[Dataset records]
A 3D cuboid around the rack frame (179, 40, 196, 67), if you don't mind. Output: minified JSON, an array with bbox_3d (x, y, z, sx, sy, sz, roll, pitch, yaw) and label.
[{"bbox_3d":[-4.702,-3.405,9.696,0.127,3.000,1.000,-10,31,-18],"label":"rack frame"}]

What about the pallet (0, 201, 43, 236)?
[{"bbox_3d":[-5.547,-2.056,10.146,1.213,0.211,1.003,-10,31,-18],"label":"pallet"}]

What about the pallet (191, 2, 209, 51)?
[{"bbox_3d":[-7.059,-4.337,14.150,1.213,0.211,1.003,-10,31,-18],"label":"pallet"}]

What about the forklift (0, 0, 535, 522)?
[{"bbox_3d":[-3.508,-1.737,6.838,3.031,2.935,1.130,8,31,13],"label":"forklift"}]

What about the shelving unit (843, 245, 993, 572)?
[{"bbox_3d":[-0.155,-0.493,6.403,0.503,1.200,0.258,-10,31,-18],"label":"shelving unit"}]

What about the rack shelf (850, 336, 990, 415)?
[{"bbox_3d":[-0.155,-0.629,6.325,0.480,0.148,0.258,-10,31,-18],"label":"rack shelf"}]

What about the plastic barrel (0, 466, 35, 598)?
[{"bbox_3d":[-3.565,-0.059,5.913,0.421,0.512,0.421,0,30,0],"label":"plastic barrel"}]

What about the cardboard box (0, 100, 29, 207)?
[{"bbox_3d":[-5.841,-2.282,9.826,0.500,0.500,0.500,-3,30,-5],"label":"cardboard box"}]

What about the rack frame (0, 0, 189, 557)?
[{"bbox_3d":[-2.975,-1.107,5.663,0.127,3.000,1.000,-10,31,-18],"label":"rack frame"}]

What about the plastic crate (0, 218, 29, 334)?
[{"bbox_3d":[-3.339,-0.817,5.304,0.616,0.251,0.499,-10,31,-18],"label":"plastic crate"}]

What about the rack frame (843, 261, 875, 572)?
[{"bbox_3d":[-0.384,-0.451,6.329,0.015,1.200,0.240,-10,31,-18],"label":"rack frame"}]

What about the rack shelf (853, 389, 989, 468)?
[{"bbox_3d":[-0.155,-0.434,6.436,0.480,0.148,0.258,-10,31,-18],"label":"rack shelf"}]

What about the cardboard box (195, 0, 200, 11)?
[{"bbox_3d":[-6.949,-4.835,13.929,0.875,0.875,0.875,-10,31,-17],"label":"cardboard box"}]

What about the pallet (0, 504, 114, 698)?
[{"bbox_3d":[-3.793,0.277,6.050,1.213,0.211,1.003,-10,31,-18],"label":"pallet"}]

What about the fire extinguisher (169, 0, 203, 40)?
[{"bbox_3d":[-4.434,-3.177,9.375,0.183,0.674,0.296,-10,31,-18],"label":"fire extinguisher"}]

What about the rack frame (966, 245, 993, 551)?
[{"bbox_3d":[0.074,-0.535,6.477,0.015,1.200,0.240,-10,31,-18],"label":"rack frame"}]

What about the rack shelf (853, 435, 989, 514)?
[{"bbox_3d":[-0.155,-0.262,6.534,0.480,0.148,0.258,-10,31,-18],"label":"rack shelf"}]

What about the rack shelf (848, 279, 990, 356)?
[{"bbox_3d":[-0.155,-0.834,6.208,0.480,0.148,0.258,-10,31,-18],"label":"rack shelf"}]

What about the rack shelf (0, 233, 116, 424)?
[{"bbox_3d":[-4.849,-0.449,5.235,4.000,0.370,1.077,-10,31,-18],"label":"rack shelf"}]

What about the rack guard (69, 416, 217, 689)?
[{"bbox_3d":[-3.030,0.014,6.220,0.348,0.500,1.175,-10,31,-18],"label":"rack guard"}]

| EXERCISE BRIEF |
Write the data above out again in full, exactly.

| EXERCISE ANSWER |
A 3D cuboid around the rack frame (179, 40, 196, 67), if you don't mind. Output: minified JSON, an array with bbox_3d (x, y, z, sx, sy, sz, roll, pitch, yaw) and label.
[{"bbox_3d":[-4.702,-3.405,9.696,0.127,3.000,1.000,-10,31,-18],"label":"rack frame"}]

What about the pallet (0, 201, 43, 236)?
[{"bbox_3d":[-5.547,-2.056,10.146,1.213,0.211,1.003,-10,31,-18],"label":"pallet"}]

What about the pallet (191, 2, 209, 51)?
[{"bbox_3d":[-7.059,-4.337,14.150,1.213,0.211,1.003,-10,31,-18],"label":"pallet"}]

What about the forklift (0, 0, 535, 522)?
[{"bbox_3d":[-3.508,-1.737,6.838,3.031,2.935,1.130,8,31,13],"label":"forklift"}]

What about the shelving unit (843, 245, 993, 572)?
[{"bbox_3d":[-0.155,-0.493,6.403,0.503,1.200,0.258,-10,31,-18],"label":"shelving unit"}]

What about the rack shelf (850, 336, 990, 415)?
[{"bbox_3d":[-0.155,-0.629,6.325,0.480,0.148,0.258,-10,31,-18],"label":"rack shelf"}]

What about the plastic barrel (0, 466, 35, 598)?
[{"bbox_3d":[-3.565,-0.059,5.913,0.421,0.512,0.421,0,30,0],"label":"plastic barrel"}]

What about the cardboard box (0, 100, 29, 207)?
[{"bbox_3d":[-5.841,-2.282,9.826,0.500,0.500,0.500,-3,30,-5],"label":"cardboard box"}]

What about the rack frame (0, 0, 189, 557)?
[{"bbox_3d":[-2.975,-1.107,5.663,0.127,3.000,1.000,-10,31,-18],"label":"rack frame"}]

What about the plastic crate (0, 218, 29, 334)?
[{"bbox_3d":[-3.339,-0.817,5.304,0.616,0.251,0.499,-10,31,-18],"label":"plastic crate"}]

What about the rack frame (843, 261, 875, 572)?
[{"bbox_3d":[-0.384,-0.451,6.329,0.015,1.200,0.240,-10,31,-18],"label":"rack frame"}]

What about the rack shelf (853, 389, 989, 468)?
[{"bbox_3d":[-0.155,-0.434,6.436,0.480,0.148,0.258,-10,31,-18],"label":"rack shelf"}]

What about the cardboard box (195, 0, 200, 11)?
[{"bbox_3d":[-6.949,-4.835,13.929,0.875,0.875,0.875,-10,31,-17],"label":"cardboard box"}]

What about the pallet (0, 504, 114, 698)?
[{"bbox_3d":[-3.793,0.277,6.050,1.213,0.211,1.003,-10,31,-18],"label":"pallet"}]

What about the fire extinguisher (169, 0, 203, 40)?
[{"bbox_3d":[-4.434,-3.177,9.375,0.183,0.674,0.296,-10,31,-18],"label":"fire extinguisher"}]

What about the rack frame (966, 245, 993, 551)?
[{"bbox_3d":[0.074,-0.535,6.477,0.015,1.200,0.240,-10,31,-18],"label":"rack frame"}]

What about the rack shelf (853, 435, 989, 514)?
[{"bbox_3d":[-0.155,-0.262,6.534,0.480,0.148,0.258,-10,31,-18],"label":"rack shelf"}]

What about the rack shelf (848, 279, 990, 356)?
[{"bbox_3d":[-0.155,-0.834,6.208,0.480,0.148,0.258,-10,31,-18],"label":"rack shelf"}]

What about the rack shelf (0, 233, 116, 424)?
[{"bbox_3d":[-4.849,-0.449,5.235,4.000,0.370,1.077,-10,31,-18],"label":"rack shelf"}]

What about the rack guard (69, 416, 217, 689)?
[{"bbox_3d":[-3.030,0.014,6.220,0.348,0.500,1.175,-10,31,-18],"label":"rack guard"}]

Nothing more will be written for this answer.